Questions are indeed important, but in recent years we have at times been told to encourage them to excess. As so often, this move has been driven by specialists in the Humanities, who seem to shape every INSET I have ever sat though. Notions like “there are no foolish questions” and “everyone’s opinion is equally valid” might work to a degree in an RE lesson, but such an approach is frankly disingenuous in many other subjects.

Excessive questions from the floor can truly derail a lesson and this is never more true with Year 7. In my first two lessons this week I have had several children so bursting with excitement and desperation to share their ideas that their arms are waving like a windmill. As Ben Newmark has argued in his excellent post on this topic, students like this can dominate a lesson to the detriment of the majority; in a class of 32, it is my duty to divide my attention and focus as evenly as I can, and allowing one or two students to dominate with questions and anecdotes is unfair to the others.
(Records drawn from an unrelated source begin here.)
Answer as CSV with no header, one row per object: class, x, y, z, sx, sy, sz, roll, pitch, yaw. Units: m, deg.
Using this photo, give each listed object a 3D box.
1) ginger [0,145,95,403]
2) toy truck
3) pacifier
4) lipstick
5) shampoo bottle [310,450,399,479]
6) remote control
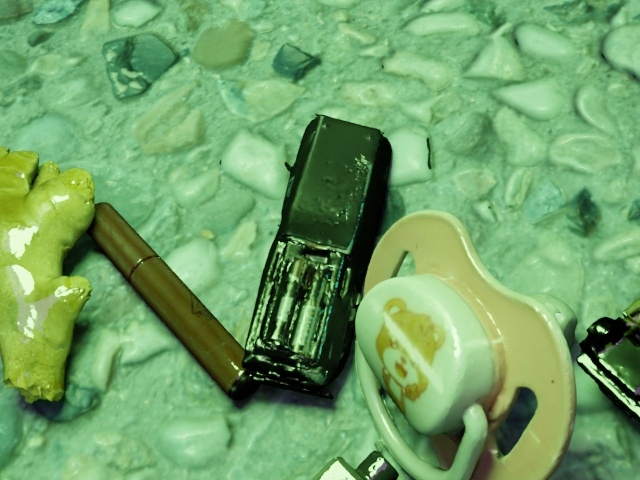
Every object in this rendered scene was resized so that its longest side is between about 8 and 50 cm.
ginger,-0.384,0.027,1.074,0.236,0.166,0.375,-34,75,-18
toy truck,0.414,0.099,0.871,0.257,0.127,0.127,-35,53,-9
pacifier,0.160,0.114,0.852,0.273,0.220,0.332,-31,48,-8
lipstick,-0.202,0.072,1.040,0.057,0.057,0.357,-41,61,-13
shampoo bottle,-0.013,0.326,0.845,0.246,0.080,0.079,-42,63,-14
remote control,0.000,0.000,1.018,0.145,0.062,0.398,14,60,-1

Moreover, as Ben also argues, children who are obsessively thinking about their next contribution are not focusing on the lesson, nor are they listening to anyone else.

Tutoring, by contrast, can be based entirely around a student’s desire to ask questions. Tutees who gain the most from the process are the ones who come with a barrage of questions and this can be a wonderful outlet for children who feel frustrated by having to wait their turn in the classroom. By contrast, it can also provide the opportunity for those less confident students to ask the questions that they might not feel able to ask in class (including the foolish ones); one of my key aims as a tutor is to encourage these questions right from the start, providing a safe environment for a child to start this process – for those who are significantly behind in their subject and who have spent months or even years trying to hide at the back of the classroom, it can take some time to break down these barriers.

Once a child is confident with a private tutor the opportunities are endless, but both student and tutor must remember that these opportunities are peculiar to the one-to-one relationship and cannot be mirrored in the mainstream classroom. As someone who tries to do their best in both worlds, I am constantly reminded of this fact.

Back-to-School Nightmares and The Last Supper

No matter how long you’ve been on this side of the desk (almost 20 years for me), the back-to-school nerves never seem to go away.

It’s completely inexplicable. I like my job very much, I have a good work-life balance and I know for a fact that the second I set foot in the classroom, all will be right with the world. I don’t recall having a terrible first class with any group, certainly not since my training days; yet without fail, at the end of every summer, the feeling returns.

Over the years I have learnt to manage the process more effectively. I accept that it will be difficult to sleep the night before our return, so I stock up on an over-the-counter sleep remedy, which helps. After one awful year when I was plagued by horrendous anxiety-related gut cramps, I also watch what I eat and drink and am careful not to overload on food or on alcohol on the couple of nights before term starts; it’s just a little bit too easy, past experience has taught me, to enjoy the Last Supper only to end up paying for it in agony.

The last few nights of the summer holiday are often visited by anxiety dreams. For me, these tend to take the form of the nightmare class that won’t be quiet. Again, this is something that I do not expect to happen in reality but clearly the anxiety is there. Other colleagues have reported classic anxiety dreams involving lateness to work and (my personal favourite) being so late for a school trip that it was absolutely essential to leave home immediately and get behind the wheel of the school minibus completely naked; there was simply no time to get dressed, apparently.

My family and non-teaching friends find the nerves surprising and to some extent concerning. In truth, they are neither. For I know from others that my experience is not uncommon. As I settle into bed on the last night before the new academic year rolls around, teachers like me across the whole country will be lying awake.

There is comfort in that solidarity.